La Commission Européenne semble enfin être sortie de sa léthargie et a annoncé qu'il fallait maintenir l'aide humanitaire à la Corée du Nord afin d'éviter de faire souffrir encore plus la population. Pas d'opinion apparemment sur l'issue à donner à la crise.
Quant à la résolution du Conseil de sécurité des Nations Unies, sur laquelle la discussion devait reprendre aujourd'hui, elle ne semble pas être en bonne voie vers l'adoption. Le projet américain ne fait toujours pas l'unanimité et les divisions sont font toujours sentir entre Washington et Tokyo, partisans de sanctions sévères, et Pékin, qui soutient des sanctions « appropriées » -voilà bien un terme hermétique- ce qui semble indiqué que la Chine s'opposera notamment au recours à la force. Tout n'apparaît pas pourtant aussi manichéen. Car le président Bush a annoncé aujourd'hui que toutes les voies diplomatiques devront être épuisées avant de songer à faire appel à une action militaire. Les USA se découvriraient-ils une propension à la discussion ? Probablement pas, puisque M. Bush a réaffirmé qu'il refusait des pourparlers bilatéraux avec la Corée du Nord de même qu'il refuse de tels pourparlers avec l'Iran qui a annoncé hier qu'elle poursuivrait son programme nucléaire-, ce à quoi le secrétaire général des Nations Unies, M. Kofi Annan, encourage les USA. M. Bush croit toujours au retour à la table des pourparlers à six que la Corée du Nord boycotte depuis 2005.
Le Japon de son côté, soutenant des sanctions sévères, a aujourd'hui pris des initiatives personnelles en interdisant purement et simplement l'accès à ses ports pour tous les navires nord-coréens, et en prévoyant un accroissement de tous les transferts, en matériel notamment vers le Nord de la péninsule.
S'ajoute à ce méli-mélo diplomatique le fait que le succès, voire même l'existence du test nucléaire nord-coréen de lundi sont remis en cause par les experts qui estiment que s'il y a bien eu un essai nucléaire, l'intensité de l'explosion laisse penser qu'il a échoué.

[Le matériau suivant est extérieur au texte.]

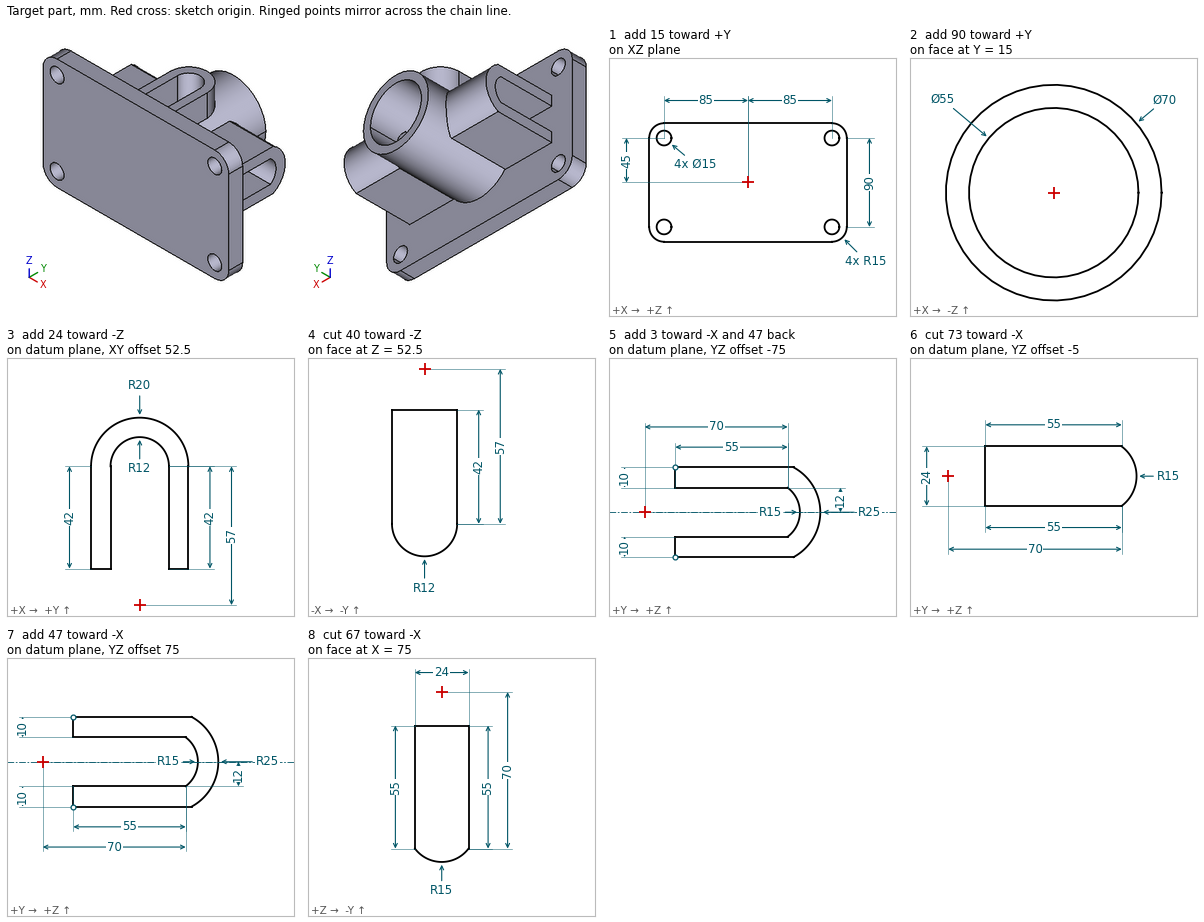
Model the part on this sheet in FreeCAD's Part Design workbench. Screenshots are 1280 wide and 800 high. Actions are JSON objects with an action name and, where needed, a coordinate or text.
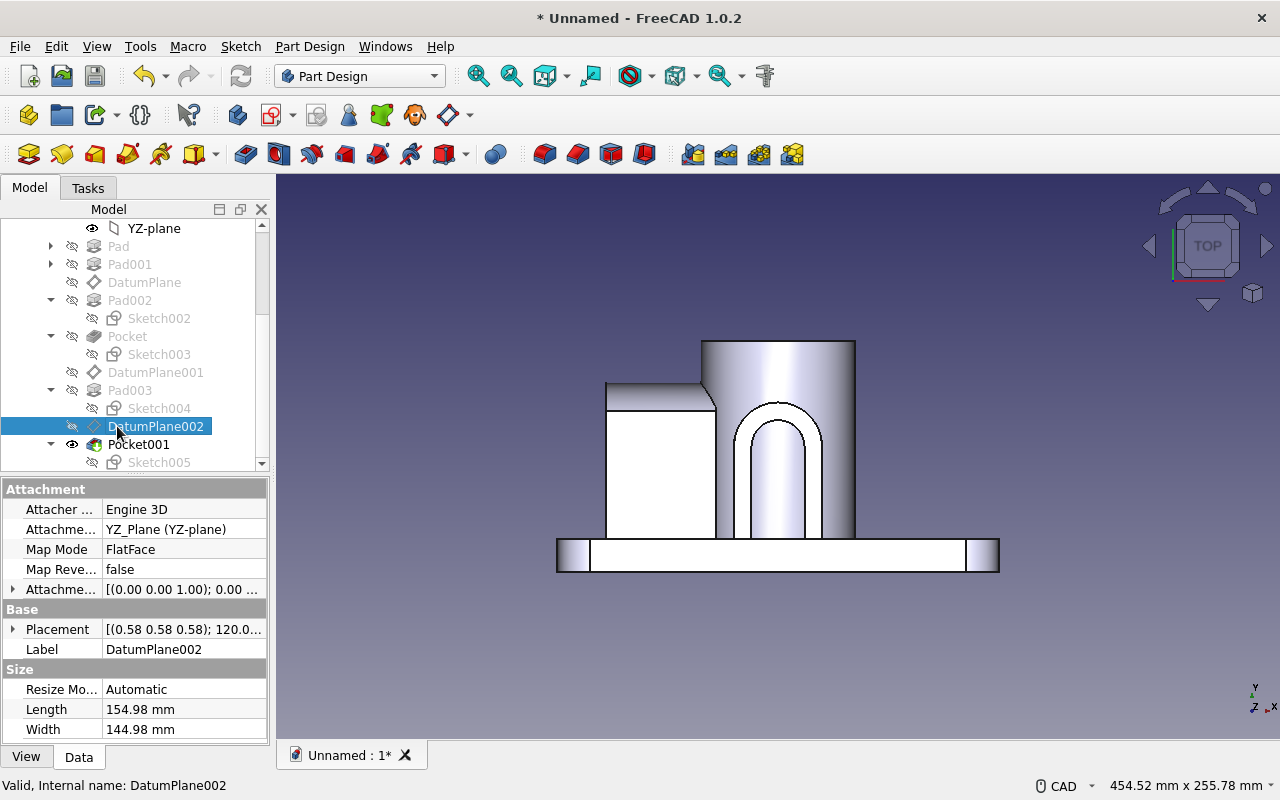
{"action": "scroll", "coordinate": [161, 350], "scroll_direction": "down", "scroll_amount": 3}

Certains ont même émis des doutes sur la nature nucléaire de l'explosion. S'apercevrait-on, trois après le prétendu test, qu'il s'agirait-là encore d'un grand jet de poudre aux yeux du monde ? Il était temps de s'en inquiéter... Surtout qu'il apparaît que certains commencent à céder à la panique et à la paranoïa : la chaîne japonaise NHK a annoncé ainsi qu'un second test nucléaire aurait été réalisé aujourd'hui par la Corée du Nord, sur la base de ce qui s'est révélé être une secousse sismique. Cette information a bien entendu été démentie.